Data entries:
——

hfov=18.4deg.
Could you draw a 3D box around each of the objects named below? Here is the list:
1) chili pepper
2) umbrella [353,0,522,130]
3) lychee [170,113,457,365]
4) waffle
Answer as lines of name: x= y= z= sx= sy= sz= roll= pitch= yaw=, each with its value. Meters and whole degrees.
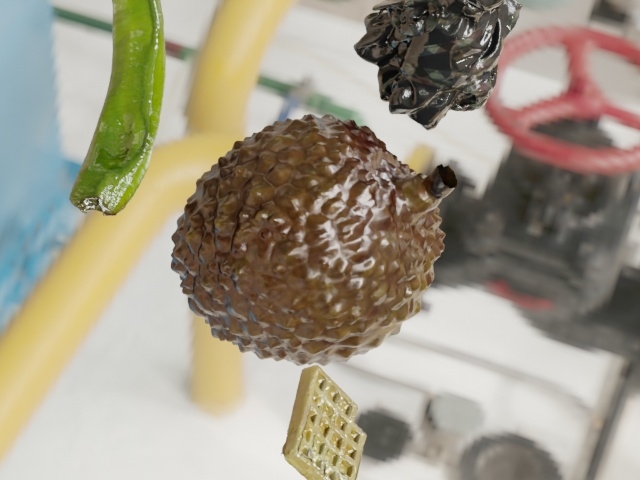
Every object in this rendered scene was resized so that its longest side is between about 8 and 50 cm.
chili pepper: x=-0.141 y=-0.098 z=1.438 sx=0.050 sy=0.052 sz=0.202 roll=101 pitch=-3 yaw=-63
umbrella: x=0.115 y=-0.204 z=1.463 sx=0.272 sy=0.122 sz=0.110 roll=114 pitch=-2 yaw=-47
lychee: x=0.000 y=0.000 z=1.441 sx=0.200 sy=0.238 sz=0.200 roll=35 pitch=45 yaw=-44
waffle: x=0.006 y=0.188 z=1.893 sx=0.021 sy=0.092 sz=0.135 roll=-34 pitch=-158 yaw=29
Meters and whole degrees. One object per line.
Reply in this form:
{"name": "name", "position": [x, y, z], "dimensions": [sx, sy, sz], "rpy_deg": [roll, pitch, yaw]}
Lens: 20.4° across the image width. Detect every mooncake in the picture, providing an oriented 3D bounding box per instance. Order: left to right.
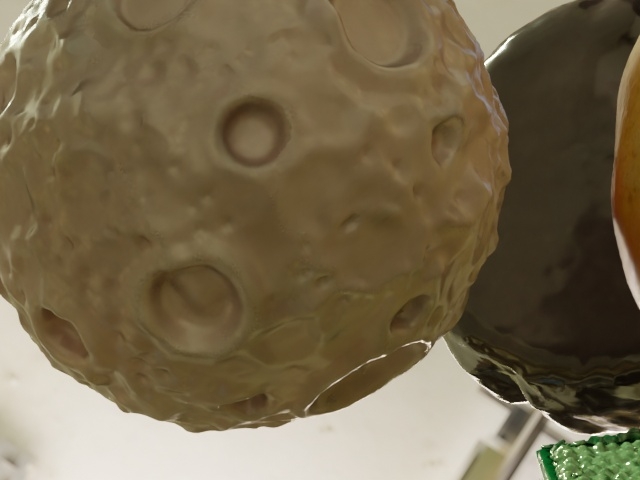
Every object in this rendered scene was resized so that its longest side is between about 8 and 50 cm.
{"name": "mooncake", "position": [0.256, -0.013, 1.556], "dimensions": [0.212, 0.350, 0.381], "rpy_deg": [46, -144, -53]}

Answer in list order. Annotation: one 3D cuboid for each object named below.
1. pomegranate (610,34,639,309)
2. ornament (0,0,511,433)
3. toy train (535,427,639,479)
{"name": "pomegranate", "position": [0.210, -0.021, 0.659], "dimensions": [0.209, 0.209, 0.209], "rpy_deg": [-56, -5, -8]}
{"name": "ornament", "position": [-0.033, -0.029, 0.842], "dimensions": [0.259, 0.225, 0.259], "rpy_deg": [-28, -15, -8]}
{"name": "toy train", "position": [0.225, 0.238, 1.259], "dimensions": [0.269, 0.115, 0.154], "rpy_deg": [-90, -5, -76]}
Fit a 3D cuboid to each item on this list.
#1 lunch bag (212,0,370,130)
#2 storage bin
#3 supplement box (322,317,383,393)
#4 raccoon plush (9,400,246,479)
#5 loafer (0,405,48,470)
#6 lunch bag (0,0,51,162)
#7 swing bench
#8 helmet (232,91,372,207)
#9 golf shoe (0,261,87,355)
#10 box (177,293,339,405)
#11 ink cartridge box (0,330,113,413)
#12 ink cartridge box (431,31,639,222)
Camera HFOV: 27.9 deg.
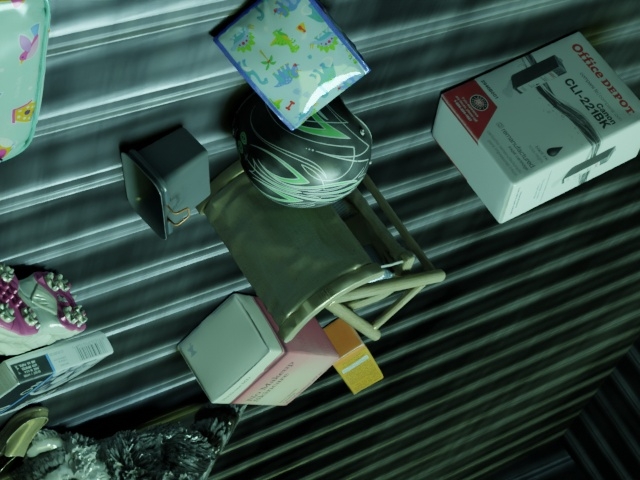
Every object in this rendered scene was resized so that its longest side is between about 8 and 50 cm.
[{"bbox_3d":[-0.038,-0.233,1.565,0.129,0.096,0.151,-39,126,9],"label":"lunch bag"},{"bbox_3d":[-0.190,-0.076,1.669,0.091,0.098,0.135,-37,157,-21],"label":"storage bin"},{"bbox_3d":[0.057,0.228,2.528,0.080,0.078,0.233,-34,155,0],"label":"supplement box"},{"bbox_3d":[-0.343,0.373,2.267,0.216,0.299,0.446,-64,177,23],"label":"raccoon plush"},{"bbox_3d":[-0.484,0.319,2.056,0.148,0.050,0.056,-42,155,15],"label":"loafer"},{"bbox_3d":[-0.383,-0.163,1.242,0.224,0.108,0.279,-19,151,-31],"label":"lunch bag"},{"bbox_3d":[0.000,0.000,1.837,0.165,0.253,0.255,-45,154,22],"label":"swing bench"},{"bbox_3d":[-0.021,-0.121,1.699,0.169,0.161,0.169,-28,155,-14],"label":"helmet"},{"bbox_3d":[-0.421,0.101,1.655,0.140,0.115,0.306,-30,162,11],"label":"golf shoe"},{"bbox_3d":[-0.102,0.190,2.205,0.148,0.127,0.232,-43,154,19],"label":"box"},{"bbox_3d":[-0.430,0.208,1.828,0.208,0.045,0.206,-33,172,30],"label":"ink cartridge box"},{"bbox_3d":[0.343,-0.179,2.004,0.273,0.197,0.114,-26,154,-19],"label":"ink cartridge box"}]
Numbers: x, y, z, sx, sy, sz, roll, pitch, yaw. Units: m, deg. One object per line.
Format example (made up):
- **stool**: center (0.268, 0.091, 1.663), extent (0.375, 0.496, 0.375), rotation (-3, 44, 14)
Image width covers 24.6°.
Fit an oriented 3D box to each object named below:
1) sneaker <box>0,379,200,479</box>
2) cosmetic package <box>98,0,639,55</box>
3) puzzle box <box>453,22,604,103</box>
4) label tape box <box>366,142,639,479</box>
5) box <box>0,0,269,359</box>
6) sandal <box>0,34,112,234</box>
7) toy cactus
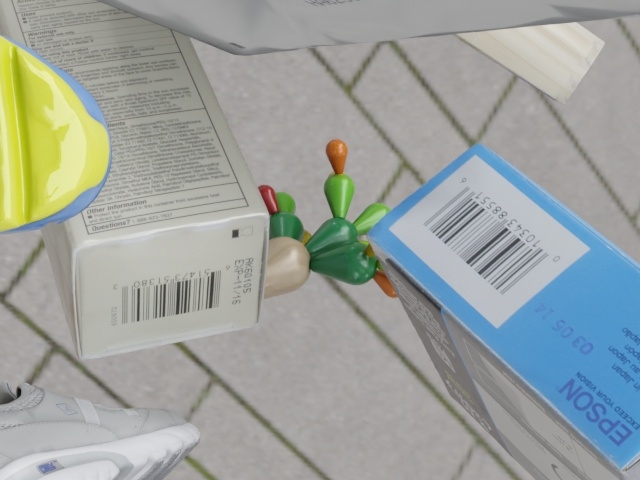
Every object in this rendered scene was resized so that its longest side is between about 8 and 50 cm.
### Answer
- **sneaker**: center (-0.170, 0.133, 0.989), extent (0.105, 0.115, 0.281), rotation (-46, 167, 7)
- **cosmetic package**: center (0.003, -0.179, 0.373), extent (0.138, 0.224, 0.224), rotation (18, 83, -31)
- **puzzle box**: center (0.006, -0.236, 1.065), extent (0.272, 0.409, 0.052), rotation (28, 100, -26)
- **label tape box**: center (0.183, 0.120, 0.987), extent (0.106, 0.240, 0.333), rotation (-40, 141, -8)
- **box**: center (-0.154, -0.071, 1.131), extent (0.148, 0.311, 0.121), rotation (-10, 137, -16)
- **sandal**: center (-0.265, -0.068, 0.851), extent (0.138, 0.318, 0.126), rotation (12, 87, -77)
- **toy cactus**: center (0.000, 0.000, 1.300), extent (0.181, 0.219, 0.112), rotation (-26, 133, -33)
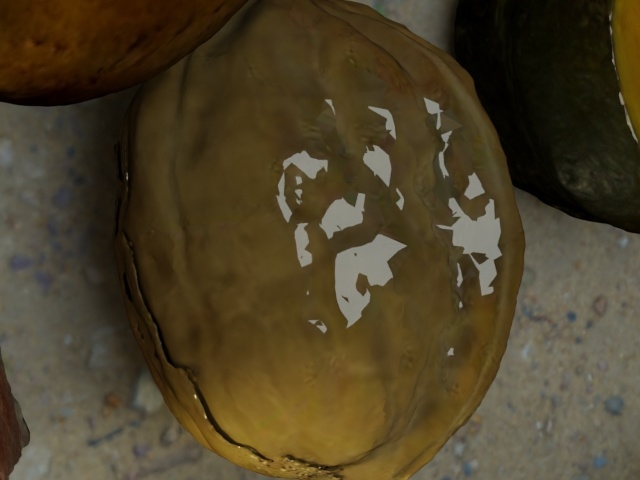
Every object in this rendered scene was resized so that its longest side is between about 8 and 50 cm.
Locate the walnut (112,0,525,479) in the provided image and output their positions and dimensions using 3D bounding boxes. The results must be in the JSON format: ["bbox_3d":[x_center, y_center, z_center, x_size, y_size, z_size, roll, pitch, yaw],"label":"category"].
[{"bbox_3d":[0.000,0.000,0.909,0.198,0.198,0.245,-11,90,-30],"label":"walnut"}]

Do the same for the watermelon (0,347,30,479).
[{"bbox_3d":[-0.198,0.035,0.801,0.193,0.231,0.310,-14,57,-28],"label":"watermelon"}]

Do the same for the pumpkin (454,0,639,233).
[{"bbox_3d":[0.233,-0.111,1.075,0.317,0.139,0.221,-30,106,-29],"label":"pumpkin"}]

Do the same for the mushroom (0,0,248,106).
[{"bbox_3d":[-0.104,-0.181,0.771,0.267,0.254,0.267,-7,110,-18],"label":"mushroom"}]
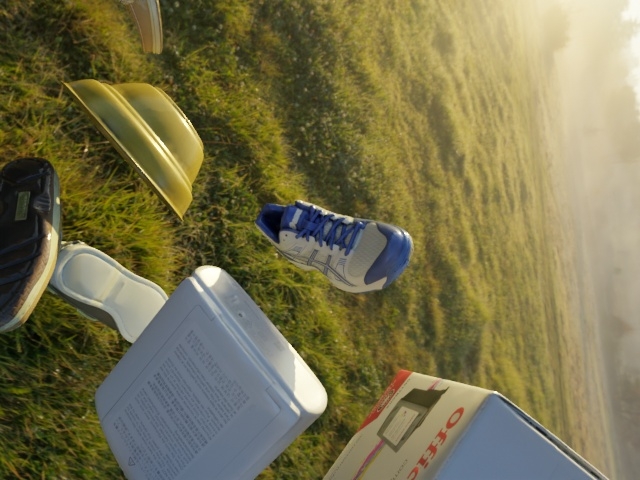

——

■ **EXERCISE OBJECTIVE**: Only the text of the records belongs in your answer, repeated exactly; the pictures stay out.

■ **RESPONSE TO THIS TASK**:
hfov=18.4deg.
Could you draw a 3D box around each of the objects named below? Here is the list:
1) chili pepper
2) umbrella [353,0,522,130]
3) lychee [170,113,457,365]
4) waffle
Answer as lines of name: x= y= z= sx= sy= sz= roll= pitch= yaw=, each with its value. Meters and whole degrees.
Every object in this rendered scene was resized so that its longest side is between about 8 and 50 cm.
chili pepper: x=-0.141 y=-0.098 z=1.438 sx=0.050 sy=0.052 sz=0.202 roll=101 pitch=-3 yaw=-63
umbrella: x=0.115 y=-0.204 z=1.463 sx=0.272 sy=0.122 sz=0.110 roll=114 pitch=-2 yaw=-47
lychee: x=0.000 y=0.000 z=1.441 sx=0.200 sy=0.238 sz=0.200 roll=35 pitch=45 yaw=-44
waffle: x=0.006 y=0.188 z=1.893 sx=0.021 sy=0.092 sz=0.135 roll=-34 pitch=-158 yaw=29
Meters and whole degrees. One object per line.
Reply in this form:
{"name": "name", "position": [x, y, z], "dimensions": [sx, sy, sz], "rpy_deg": [roll, pitch, yaw]}
Lens: 20.4° across the image width. Detect every mooncake in the picture, providing an oriented 3D bounding box per instance. Order: left to right.
Every object in this rendered scene was resized so that its longest side is between about 8 and 50 cm.
{"name": "mooncake", "position": [0.256, -0.013, 1.556], "dimensions": [0.212, 0.350, 0.381], "rpy_deg": [46, -144, -53]}

Answer in list order. Annotation: one 3D cuboid for each object named below.
1. pomegranate (610,34,639,309)
2. ornament (0,0,511,433)
3. toy train (535,427,639,479)
{"name": "pomegranate", "position": [0.210, -0.021, 0.659], "dimensions": [0.209, 0.209, 0.209], "rpy_deg": [-56, -5, -8]}
{"name": "ornament", "position": [-0.033, -0.029, 0.842], "dimensions": [0.259, 0.225, 0.259], "rpy_deg": [-28, -15, -8]}
{"name": "toy train", "position": [0.225, 0.238, 1.259], "dimensions": [0.269, 0.115, 0.154], "rpy_deg": [-90, -5, -76]}
Fit a 3D cuboid to each item on this list.
#1 lunch bag (212,0,370,130)
#2 storage bin
#3 supplement box (322,317,383,393)
#4 raccoon plush (9,400,246,479)
#5 loafer (0,405,48,470)
#6 lunch bag (0,0,51,162)
#7 swing bench
#8 helmet (232,91,372,207)
#9 golf shoe (0,261,87,355)
#10 box (177,293,339,405)
#11 ink cartridge box (0,330,113,413)
#12 ink cartridge box (431,31,639,222)
Camera HFOV: 27.9 deg.
Every object in this rendered scene was resized so that its longest side is between about 8 and 50 cm.
[{"bbox_3d":[-0.038,-0.233,1.565,0.129,0.096,0.151,-39,126,9],"label":"lunch bag"},{"bbox_3d":[-0.190,-0.076,1.669,0.091,0.098,0.135,-37,157,-21],"label":"storage bin"},{"bbox_3d":[0.057,0.228,2.528,0.080,0.078,0.233,-34,155,0],"label":"supplement box"},{"bbox_3d":[-0.343,0.373,2.267,0.216,0.299,0.446,-64,177,23],"label":"raccoon plush"},{"bbox_3d":[-0.484,0.319,2.056,0.148,0.050,0.056,-42,155,15],"label":"loafer"},{"bbox_3d":[-0.383,-0.163,1.242,0.224,0.108,0.279,-19,151,-31],"label":"lunch bag"},{"bbox_3d":[0.000,0.000,1.837,0.165,0.253,0.255,-45,154,22],"label":"swing bench"},{"bbox_3d":[-0.021,-0.121,1.699,0.169,0.161,0.169,-28,155,-14],"label":"helmet"},{"bbox_3d":[-0.421,0.101,1.655,0.140,0.115,0.306,-30,162,11],"label":"golf shoe"},{"bbox_3d":[-0.102,0.190,2.205,0.148,0.127,0.232,-43,154,19],"label":"box"},{"bbox_3d":[-0.430,0.208,1.828,0.208,0.045,0.206,-33,172,30],"label":"ink cartridge box"},{"bbox_3d":[0.343,-0.179,2.004,0.273,0.197,0.114,-26,154,-19],"label":"ink cartridge box"}]
Numbers: x, y, z, sx, sy, sz, roll, pitch, yaw. Units: m, deg. One object per line.
Format example (made up):
- **stool**: center (0.268, 0.091, 1.663), extent (0.375, 0.496, 0.375), rotation (-3, 44, 14)
Image width covers 24.6°.
Fit an oriented 3D box to each object named below:
1) sneaker <box>0,379,200,479</box>
2) cosmetic package <box>98,0,639,55</box>
3) puzzle box <box>453,22,604,103</box>
4) label tape box <box>366,142,639,479</box>
5) box <box>0,0,269,359</box>
6) sandal <box>0,34,112,234</box>
7) toy cactus
Every object in this rendered scene was resized so that its longest side is between about 8 and 50 cm.
### Answer
- **sneaker**: center (-0.170, 0.133, 0.989), extent (0.105, 0.115, 0.281), rotation (-46, 167, 7)
- **cosmetic package**: center (0.003, -0.179, 0.373), extent (0.138, 0.224, 0.224), rotation (18, 83, -31)
- **puzzle box**: center (0.006, -0.236, 1.065), extent (0.272, 0.409, 0.052), rotation (28, 100, -26)
- **label tape box**: center (0.183, 0.120, 0.987), extent (0.106, 0.240, 0.333), rotation (-40, 141, -8)
- **box**: center (-0.154, -0.071, 1.131), extent (0.148, 0.311, 0.121), rotation (-10, 137, -16)
- **sandal**: center (-0.265, -0.068, 0.851), extent (0.138, 0.318, 0.126), rotation (12, 87, -77)
- **toy cactus**: center (0.000, 0.000, 1.300), extent (0.181, 0.219, 0.112), rotation (-26, 133, -33)
Every object in this rendered scene was resized so that its longest side is between about 8 and 50 cm.
Locate the walnut (112,0,525,479) in the provided image and output their positions and dimensions using 3D bounding boxes. The results must be in the JSON format: ["bbox_3d":[x_center, y_center, z_center, x_size, y_size, z_size, roll, pitch, yaw],"label":"category"].
[{"bbox_3d":[0.000,0.000,0.909,0.198,0.198,0.245,-11,90,-30],"label":"walnut"}]

Do the same for the watermelon (0,347,30,479).
[{"bbox_3d":[-0.198,0.035,0.801,0.193,0.231,0.310,-14,57,-28],"label":"watermelon"}]

Do the same for the pumpkin (454,0,639,233).
[{"bbox_3d":[0.233,-0.111,1.075,0.317,0.139,0.221,-30,106,-29],"label":"pumpkin"}]

Do the same for the mushroom (0,0,248,106).
[{"bbox_3d":[-0.104,-0.181,0.771,0.267,0.254,0.267,-7,110,-18],"label":"mushroom"}]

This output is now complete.